One answer can be found by referring to the lone place that Ahmed does reference Judaism. It’s late in the book, on page 448, and he is commenting on Maimonides’ intellectual context, which of course was medieval Islamic Spain. “[I]t seems,” he writes, “that the only consideration that might restrain us from calling Maimonides an Islamic Jewish thinker is our ingrained scruples (if not horror) about qualifying one ‘religious’ category by another—as if to do so is somehow a violation of the necessary integrity of a ‘religious’ category.” But of course Ahmed takes a dim view of the utility of such categories. And so, “if we put aside the category of ‘religion’ and focus on meaning, then ‘Islamic Jewish’ is, straightforwardly and without prejudice, the most meaningful term.”
I have no problem with calling Maimonides an Islamic Jewish thinker. Nor do I have any problem calling Ahmed a Jewish Islamic thinker.
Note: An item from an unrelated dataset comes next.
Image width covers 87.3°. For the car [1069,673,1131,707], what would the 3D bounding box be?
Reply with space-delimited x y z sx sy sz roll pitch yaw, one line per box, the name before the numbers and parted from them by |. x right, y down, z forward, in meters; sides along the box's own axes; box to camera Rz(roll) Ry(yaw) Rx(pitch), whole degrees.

When he finally decides on a definition of “Islam,” it has all the shiftiness and muddle that the best Jewish thinkers, from Moses to Mordecai Kaplan, bring to their definitions of Judaism. “I conclusively propose, therefore,” Ahmed writes, “that we conceptualize human and historical Islam as hermeneutical engagement with Pre-Text, Text, and Con-Text of Revelation to Muhammad.”
Here, of course, we get to the crucial reason that Ahmed, so attuned to the historical development of Islam, evades the Jewish question entirely. His is a normative and prescriptive project. He despairs that “Muslims have, in making their modernity, moved decisively away from conceiving of and living normative Islam in hermeneutical engagement with Pre-Text, Text, and Con-Text of Revelation, and have, instead, begun conceiving of and living normative Islam primarily as hermeneutical engagement with the Text of Revelation.” And he hopes that by decentering Text, and putting it on coequal footing with what comes before the Quran and the contexts in which people read the Quran forever afterward, Muslims will think more liberally and capaciously about problems from women’s rights to slavery to political freedom.
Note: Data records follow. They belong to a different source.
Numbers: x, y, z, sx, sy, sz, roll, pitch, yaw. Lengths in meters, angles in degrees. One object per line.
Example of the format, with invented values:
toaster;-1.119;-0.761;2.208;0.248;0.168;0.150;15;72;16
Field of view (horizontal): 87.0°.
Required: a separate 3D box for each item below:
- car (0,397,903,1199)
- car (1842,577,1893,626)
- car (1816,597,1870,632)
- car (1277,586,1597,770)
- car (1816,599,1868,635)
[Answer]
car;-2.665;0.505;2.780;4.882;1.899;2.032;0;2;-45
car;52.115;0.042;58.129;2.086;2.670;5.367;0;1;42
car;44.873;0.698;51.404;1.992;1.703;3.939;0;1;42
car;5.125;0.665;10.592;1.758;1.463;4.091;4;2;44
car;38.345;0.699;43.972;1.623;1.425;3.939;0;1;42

For right now, as he admits with a strong whiff of euphemism, “it would appear that the public sphere in modern societies of Muslims has, on the whole, emerged as an intimidating and censorious space where speech-acts that contradict or challenge monovalent prescriptive norms are more likely to be persecuted by the public or prosecuted by the state for blasphemy than to be received with equanimity and explorative interest.”
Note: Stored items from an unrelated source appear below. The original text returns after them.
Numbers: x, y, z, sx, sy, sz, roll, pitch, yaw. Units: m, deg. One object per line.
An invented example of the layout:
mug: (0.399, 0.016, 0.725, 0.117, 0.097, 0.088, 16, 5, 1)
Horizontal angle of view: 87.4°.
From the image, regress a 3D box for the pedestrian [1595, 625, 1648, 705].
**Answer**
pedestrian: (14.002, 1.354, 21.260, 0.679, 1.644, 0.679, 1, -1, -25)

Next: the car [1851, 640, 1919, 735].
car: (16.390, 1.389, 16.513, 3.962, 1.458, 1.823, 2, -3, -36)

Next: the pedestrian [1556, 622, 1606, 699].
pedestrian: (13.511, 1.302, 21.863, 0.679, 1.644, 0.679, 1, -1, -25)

That would appear to be—how do you say?—true. Islam has become very text-centered. That has been bad for people’s freedoms, above all for the freedoms of the quarter of the earth’s people who identify as Muslims. To solve this problem, Muslims will have to look to their own past, and be more like that. For contemporary models, Ahmed might have pointed out, they could look to how other religions have adopted to modernity and be more like them. Ahmed knew as much, but he didn’t want to say so, because he wanted a wide audience within the Muslim world. Good for him, I say. With this bit of coyness, this brilliant book loses none of its usefulness to scholars, or curious amateurs of other faiths, like me, and perhaps it has a world to win.